Able to join existing swarm as worker, but unable as manager

When executing a docker swarm join command (as manager), I face the following error:

Error response from daemon: manager stopped: can't initialize raft node: rpc error: code = Internal desc = connection error: desc = "transport: x509: certificate is not valid for any names, but wanted to match swarm-manager"

Joining the same swarm, but as worker, works flawless.

The logfiles show me the following items:

kmo@GETSTdock-app01 ~ $ sudo tail -f /var/log/upstart/docker.log
time="2018-07-06T09:18:17.890620199+02:00" level=info msg="Listening for connections" addr="[::]:2377" module=node node.id=7j75bmugpf8k2o0onta1yp4zy proto=tcp
time="2018-07-06T09:18:17.892234469+02:00" level=info msg="manager selected by agent for new session: { 10.130.223.107:2377}" module=node/agent node.id=7j75bmugpf8k2o0onta1yp4zy
time="2018-07-06T09:18:17.892364019+02:00" level=info msg="waiting 0s before registering session" module=node/agent node.id=7j75bmugpf8k2o0onta1yp4zy
time="2018-07-06T09:18:18.161362606+02:00" level=error msg="fatal task error" error="cannot create a swarm scoped network when swarm is not active" module=node/agent/taskmanager node.id=7j75bmugpf8k2o0onta1yp4zy service.id=p3ng4om2m8rl7ygoef18ayohp task.id=weaubf3qj5goctlh2039sjvdg
time="2018-07-06T09:18:18.162182077+02:00" level=error msg="fatal task error" error="cannot create a swarm scoped network when swarm is not active" module=node/agent/taskmanager node.id=7j75bmugpf8k2o0onta1yp4zy service.id=6sl9y5rcov6htwbyvm504ewh2 task.id=j3foc6rjszuqszj41qyqb6mpe
time="2018-07-06T09:18:18.184847516+02:00" level=info msg="Stopping manager" module=node node.id=7j75bmugpf8k2o0onta1yp4zy
time="2018-07-06T09:18:18.184993569+02:00" level=info msg="Manager shut down" module=node node.id=7j75bmugpf8k2o0onta1yp4zy
time="2018-07-06T09:18:18.185020917+02:00" level=info msg="shutting down certificate renewal routine" module=node/tls node.id=7j75bmugpf8k2o0onta1yp4zy node.role=swarm-manager
time="2018-07-06T09:18:18.185163663+02:00" level=error msg="cluster exited with error: manager stopped: can't initialize raft node: rpc error: code = Internal desc = connection error: desc = \"transport: x509: certificate is not valid for any names, but wanted to match swarm-manager\""
time="2018-07-06T09:18:18.185492995+02:00" level=error msg="Handler for POST /v1.37/swarm/join returned error: manager stopped: can't initialize raft node: rpc error: code = Internal desc = connection error: desc = \"transport: x509: certificate is not valid for any names, but wanted to match swarm-manager\""

I face similar problems when I join as worker, and then attempt to promote the node to a manager node.

Docker version = 18.03.1

OS = Ubuntu 14.04 LTS

Anybody an idea how to resolve this?

@kmoens did you by any chance found a solution for this?
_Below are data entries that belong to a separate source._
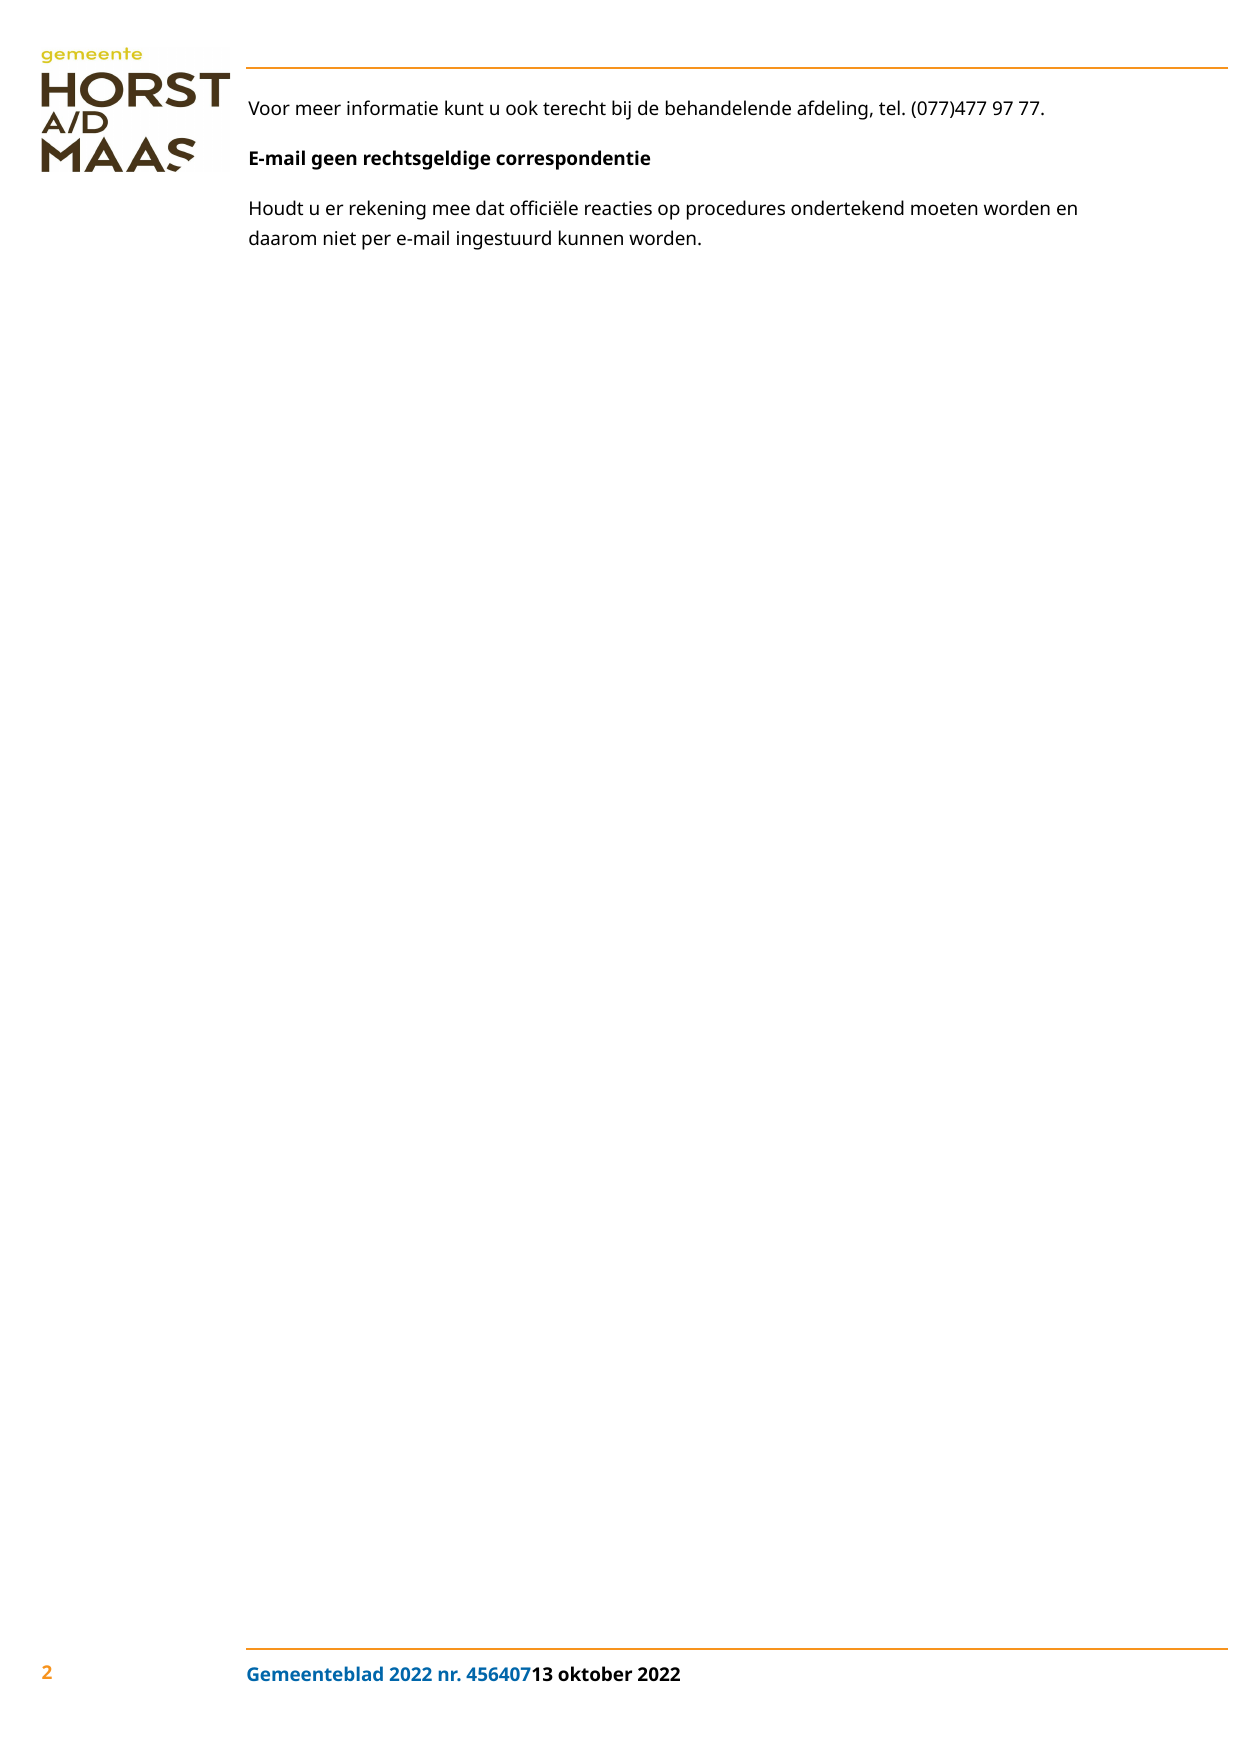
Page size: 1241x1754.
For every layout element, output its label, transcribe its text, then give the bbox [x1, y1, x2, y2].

text Houdt u er rekening mee dat officiële reacties op procedures ondertekend moeten worden en daarom niet per e-mail ingestuurd kunnen worden. [248, 196, 1152, 251]
text E-mail geen rechtsgeldige correspondentie [248, 145, 1152, 171]
picture [41, 47, 231, 172]
text Voor meer informatie kunt u ook terecht bij de behandelende afdeling, tel. (077)477 97 77. [248, 95, 1152, 121]

I have the exact same problem on CentOS (7.5.1804) and docker (18.03.1-ce). This was working fine before where the same node was able to join as manager but after some yum updates and reboot it can only join as worker.

Hello Arul,

Sorry for late response.

In our case - after several investigations - it was caused by the proxy server which we use in our corporate environment. Since we had a corporate proxy configured for Docker, the joining as “manager” node seems to have issues with the proxy server.

We added all our Docker IP addresses to the no_proxy variable, and then rebooted all Docker nodes. Once that was done, we were able to join as manager again.

Kind regards,
Kenny

@kmoens
Thanks for the reply. For most people with this specific issue, it was the proxy causing it. Unfortunately, in my case, there was no proxy involved in our environment. I ended up wiping everything and moved to 18.06 which I needed to move anyways and this problem went away after that.

I continue to have this same problem even with 18.06 . Any inputs please…
I have a Ubuntu server which is serving as manager node and am trying to join my MAC as a second manager node . This is mu local network at home. (i don;t have a proxy server)

Have you tried making all nodes leave cluster, delete the cluster and recreate? It is very likely that may have fixed my problem. As I mentioned in my post, the same version worked fine for months but something changed that I was not able to figure out but wanted to move to next version anyways for a different reason.